About the Environmental Justice Program

Public Policy Archives
Children’s Health and the Environment

February 2003

The Issue
Children’s bodies, behaviors, and size make them different from and more vulnerable than adults to many environmental health hazards. Also, because children are exposed to environmental hazards at an earlier age than adults are, they have more time to develop slowly-progressing environmentally triggered illnesses such as asthma, certain cancers and learning disabilities. Exposure to air pollutants and toxins is significantly more harmful to children, but children in poverty and children of color are at a disproportionate risk, with routinely higher rates of lead poisoning, and asthma-related deaths and hospitalization.

Background
In an effort to develop the leadership of Catholic institutions to help address environmental hazards affecting children's health, a coalition of major Catholic organizations and networks formed the Catholic Coalition for Children and a Safe Environment (CASE).

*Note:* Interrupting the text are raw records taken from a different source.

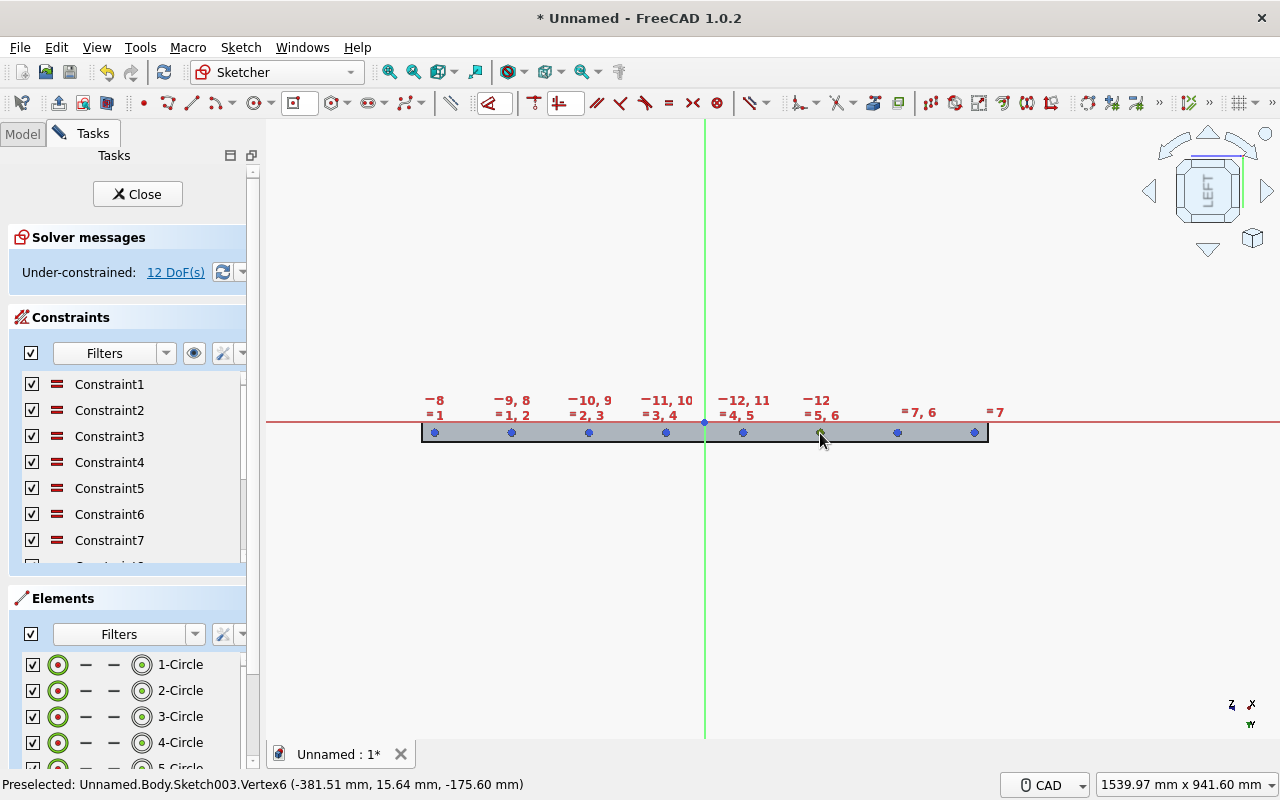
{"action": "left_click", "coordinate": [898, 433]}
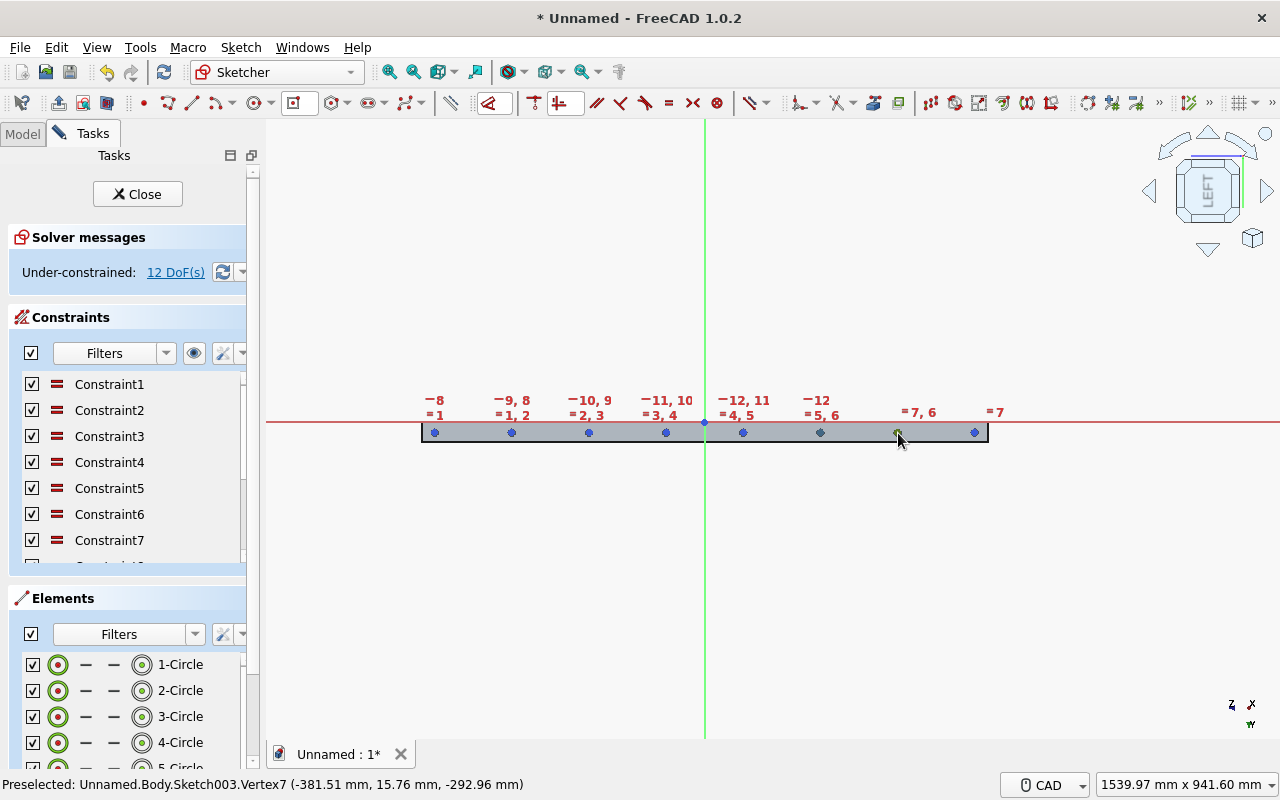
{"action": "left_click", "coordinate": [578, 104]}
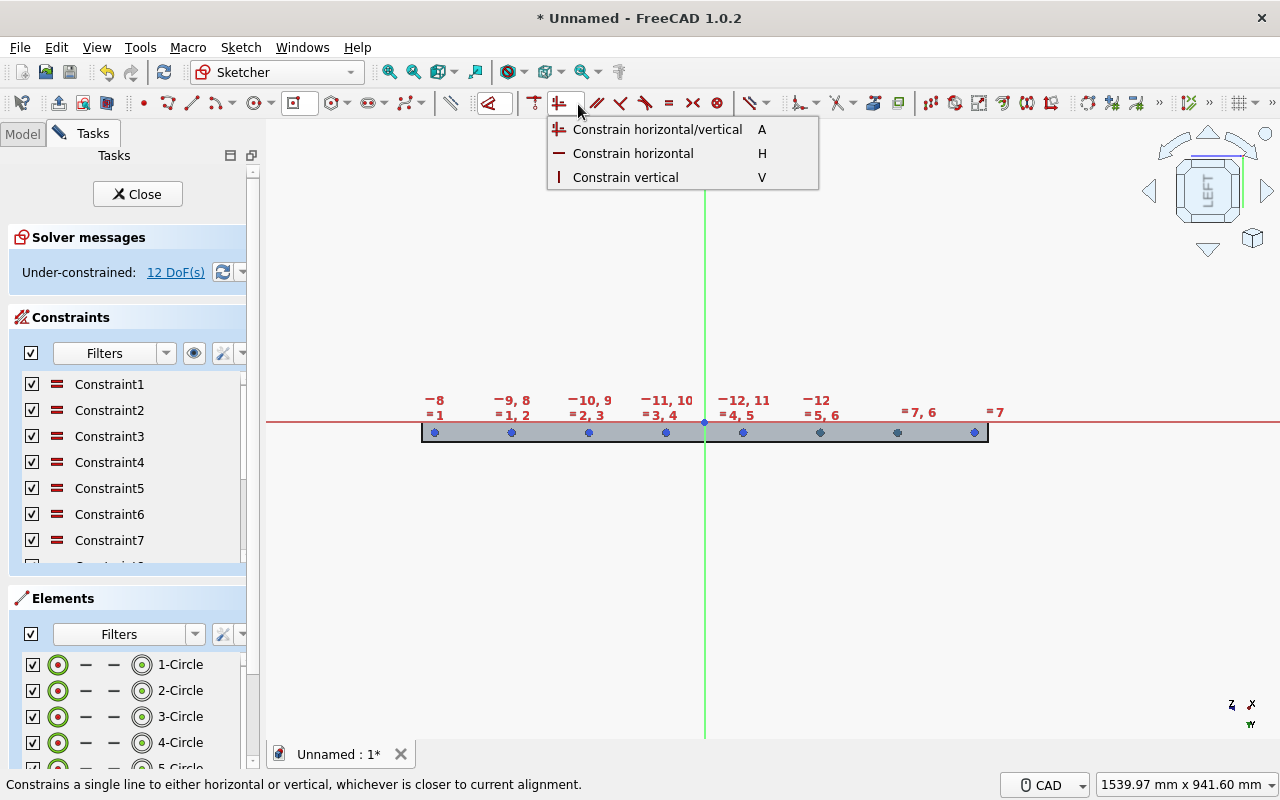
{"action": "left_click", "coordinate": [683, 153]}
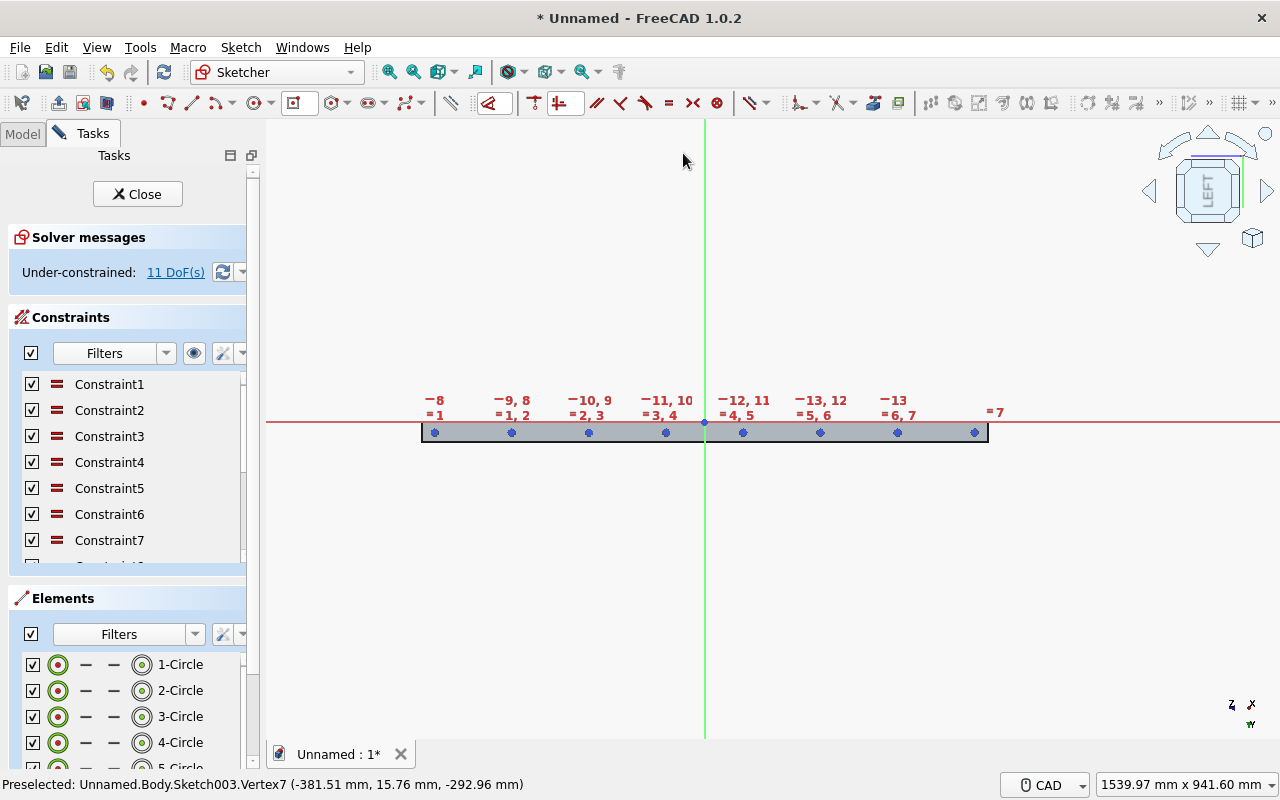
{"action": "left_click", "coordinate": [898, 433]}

CASE is made up of the following members: Catholic Charities USA (CCUSA); Catholic Health Association (CHA); Catholic Health Initiatives (CHI); Conference for Catholic Facility Management (CCFM); National Council of Catholic Women (NCCW); National Catholic Educational Association (NCEA); National Catholic Partnership on Disability (NCPD); National Catholic Rural Life Conference (NCRLC); and the United States Conference of Catholic Bishops’ (USCCB) Secretariat for Pro-Life Activities and Office for Domestic Social Development.

CASE has been making significant progress in finding ways to integrate children’s health issues into the larger mandates of their organizations. Specifically, it has:

  • Promoted leadership development. The NCEA has published articles about the importance of environmental health issues in making schools safe aimed at educators, boards and commissions. Most recently, it launched its mini-grant program to recognize and promote best practices of environmental safety among Catholic school boards. CCFM has collaborated with NCEA in promoting school safety issues. CCUSA has coordinated trainings for housing counselors from 50 dioceses around the country on environmental health issues related to housing and advocacy strategies for clients and their communities. The NCCW continues to expand its outreach and advocacy by distributing materials to its members.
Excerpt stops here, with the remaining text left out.